So, I've been measuring the value of my life by how bloggy it's been lately. Even when I was studying for the dread pirate
Bar Exam, I had stuff to say, but this long spiral into gainfully employed machinehood hasn't quite had the same effect. At one point last week, I even typed a dramatic screed against the
Oakland Public Works Agency for their preoposterous, pro-environmental policies: if your grabage doesn't fit entirely within the miniature garbage cans they've issued you, they don't take it; if your broken mop handle protrudes from the top, they take it out and leave it on the sidewalk--then challenge you to schedule an additional pick-up with them at the rate of $6 per item/bag. Can you imagine this happening in New York? One Friday night, this tyranny led me to the ignominy of having to pile trash into my car and unload it into a dumpster in an abandoned part of town. Sorry, that was screed redux.
Anyway, I haven't had a whole lot to say. Job's been okay; not much to report. I did call my boss Matt the other day, though his name's Mike. That wasn't smooth, but one of my colleagues set me at ease: "90% of the people here mispronounce your name. What's the big deal?" During my
BART commute in the morning, I've been reading
Revolutionary Road and trying to tell myself that the protagonist--a 29-year-old corporate commuter with vanquished hopes and dreams--is not the cause for the clanging in my soul.
Alas, in the absence of any other fascinating bits to share, I share
yet another sartorial question: Can I bring back velcro? Or would doing so be a gross mismeasure of footwear irony?

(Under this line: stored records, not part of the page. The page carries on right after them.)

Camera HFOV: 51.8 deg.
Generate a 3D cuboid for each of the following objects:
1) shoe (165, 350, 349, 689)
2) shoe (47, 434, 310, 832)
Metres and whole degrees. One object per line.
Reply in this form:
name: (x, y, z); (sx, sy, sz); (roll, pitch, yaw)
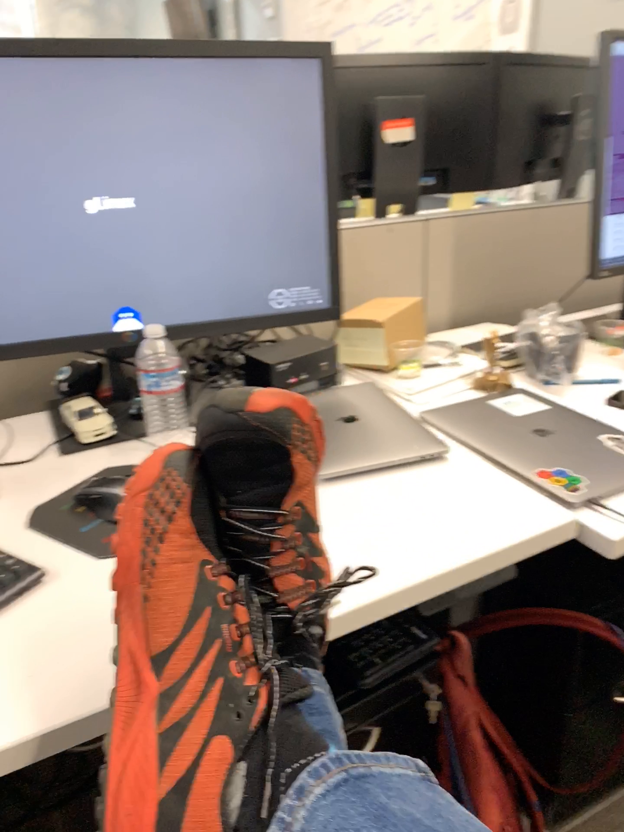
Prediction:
shoe: (-0.032, 0.092, 0.528); (0.107, 0.271, 0.083); (-3, 25, 5)
shoe: (-0.076, 0.162, 0.429); (0.132, 0.289, 0.091); (-1, -12, 8)
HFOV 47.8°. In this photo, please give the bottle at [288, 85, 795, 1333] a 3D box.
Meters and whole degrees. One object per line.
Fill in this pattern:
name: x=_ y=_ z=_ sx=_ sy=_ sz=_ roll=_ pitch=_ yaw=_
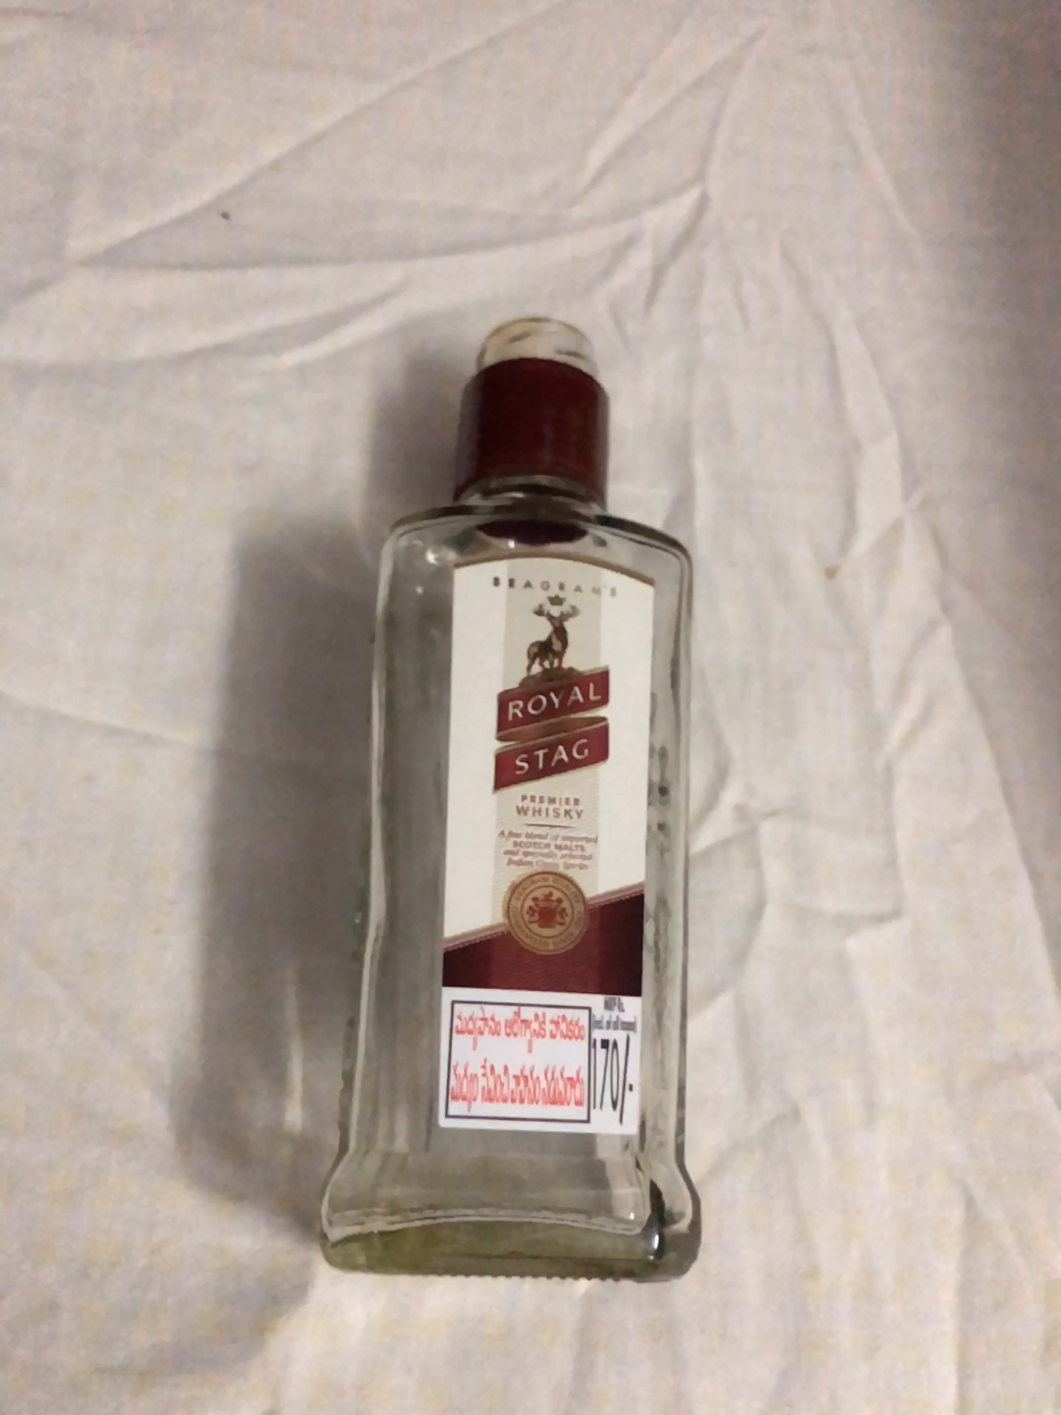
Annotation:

See above.
2 comments:
i feel you, my friend. i feel you. virtually all of my conversations nowadays consist of my re-iterations of my conversations at work.
case in point -
X: i have every form of caffeine known to man on my desk and i'm still tired.
me: have you tried mountain dew?
X: does that actually work?
me: yeah, it has a ton of caffeine and it tastes better than redbull.

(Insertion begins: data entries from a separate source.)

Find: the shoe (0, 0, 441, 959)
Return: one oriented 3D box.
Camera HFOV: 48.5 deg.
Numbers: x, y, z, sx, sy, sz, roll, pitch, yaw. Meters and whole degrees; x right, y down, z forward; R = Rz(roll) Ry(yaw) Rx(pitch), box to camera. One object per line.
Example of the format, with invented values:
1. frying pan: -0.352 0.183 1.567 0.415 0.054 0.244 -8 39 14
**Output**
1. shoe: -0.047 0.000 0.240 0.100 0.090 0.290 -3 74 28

X: oh...so that's why Y always drinks it. does diet still have the same effect?
me: yeah, regular is too sweet.
X: i'll have to try it then.
sure enough, i saw a bottle of diet mountain dew on X's desk 2 days later. and these amazing stories just don't end.
anyway, i hate shoelaces and the tyranny they impose on my time and my hands. you've got my blessing to go velcro.
and btw, seoul has very strict trash laws. you can only buy designated, city-issued bags and if you don't put your trash in those, they don't collect it and you're fined (i think i'm right on that last part). anyway, i think it's a good idea. i think people will think twice about throwing everything away if they had to pay for it - not only to purchase the item in the first place, then to discard it, too.